# DIY Light



## FerdinandPorsche (24 Mar 2014)

I'm trying to build my own lighting set. My reference is Superwen's ADA lamphood style.

To DIY the hood, I know I need to have the following:


2 pieces of 240mm long x 80mm tall semi sphere (according to the ADA website)
1 piece of wood thin and long enough to support both semi sphere in the middle, should be around 500mm, depending on how long the total length the lights will take up
Metal sheet 240mm x the length of the long wood
Aluminium foil as the reflectors

The above would be the bones. I am deciding which is easier to find and diy for the light part:

A-style (similar to ADA Solar II)
- 2 x 36w PLL

B-style (closest i can get near to Superwen's style)
- 4 x 18w PLL

C-style (smaller in size and watts)
- 2 x 26w PLL

Superwen's light was 60w in total, hanging half a feet off the aquarium.

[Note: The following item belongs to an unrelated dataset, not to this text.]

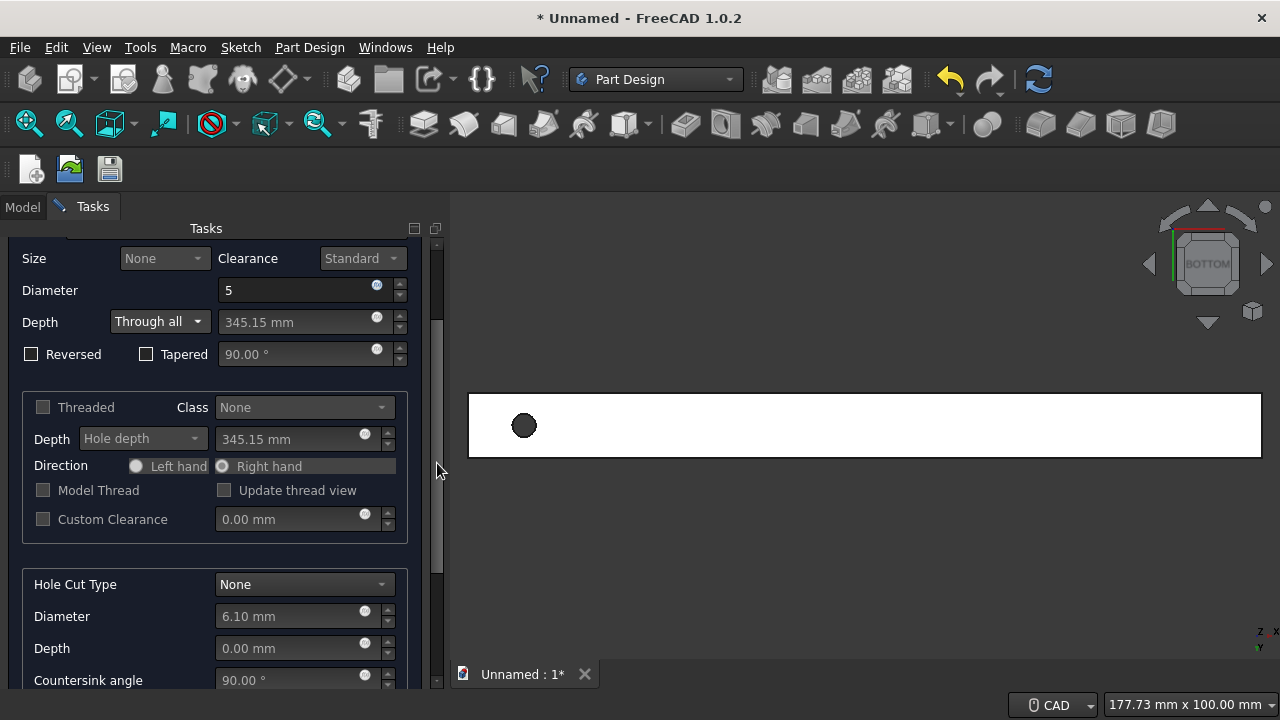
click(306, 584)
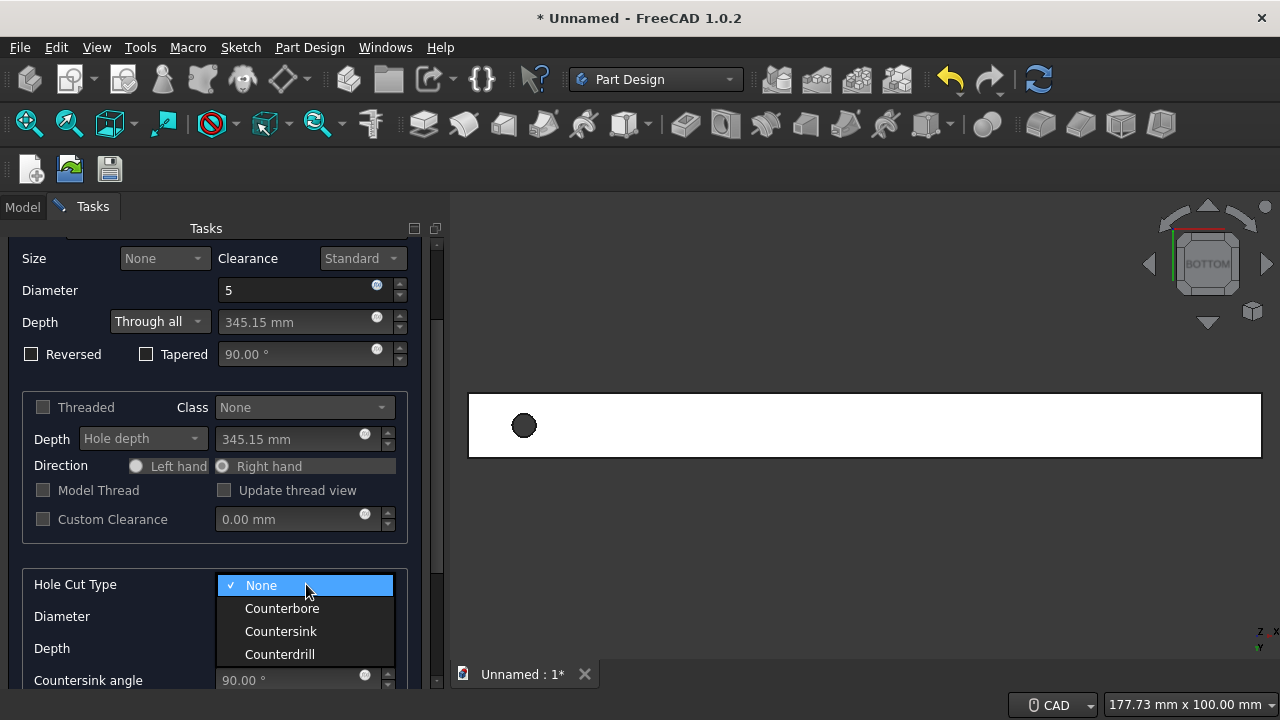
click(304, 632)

> LEUCHTECH 15W/872 (7200K)



I checked out many hardware shop and 36w PLL could not be found at all. While 13w, 18w, 26w PLL philips was common.

One thing I have been querying so far, are these PLL lights built in with ballast? I am still unclear on the light setup. From the 2-pin power cord, how does it function:


Setup-1, 2-pin power cord > light holder > light
Setup-2, 2-pin power cord > ballast > light holder > light
Setup-3, 2-pin power cord > light holder > ballast (built-in) + light

Are the 18w and 26w PLL ballast built in?





References
http://images5.okr.ro/auctions.v3/7.../665953921324502835519275-5502060-700_700.jpg
http://www.ecat.lighting.philips.co...al/uv-b-narrowband-pl-l-pl-s/927903400121_eu/
http://www.adana.co.jp/en/products/na_lightning/solar/
http://www.plantedtank.net/forums/showthread.php?t=132260&highlight=ada


----------



## Edvet (24 Mar 2014)

I think they need balasts, usualy they are incorporated in the housing for these.


----------



## FerdinandPorsche (24 Mar 2014)

Edvet said:


> hey need balasts, usualy they are incorporated in the housing for t



Hi Edvet. my 55w PLL / Azoo is just connected to the casing and then linked to the 2-pin power cord. The second image is mine.









What to say about this?


----------



## Edvet (24 Mar 2014)

http://www.usa.lighting.philips.com/pwc_li/us_en/connect/tools_literature/downloads/p-5295.pdf


----------



## ian_m (24 Mar 2014)

Edvet said:


> I think they need balasts, usualy they are incorporated in the housing for these.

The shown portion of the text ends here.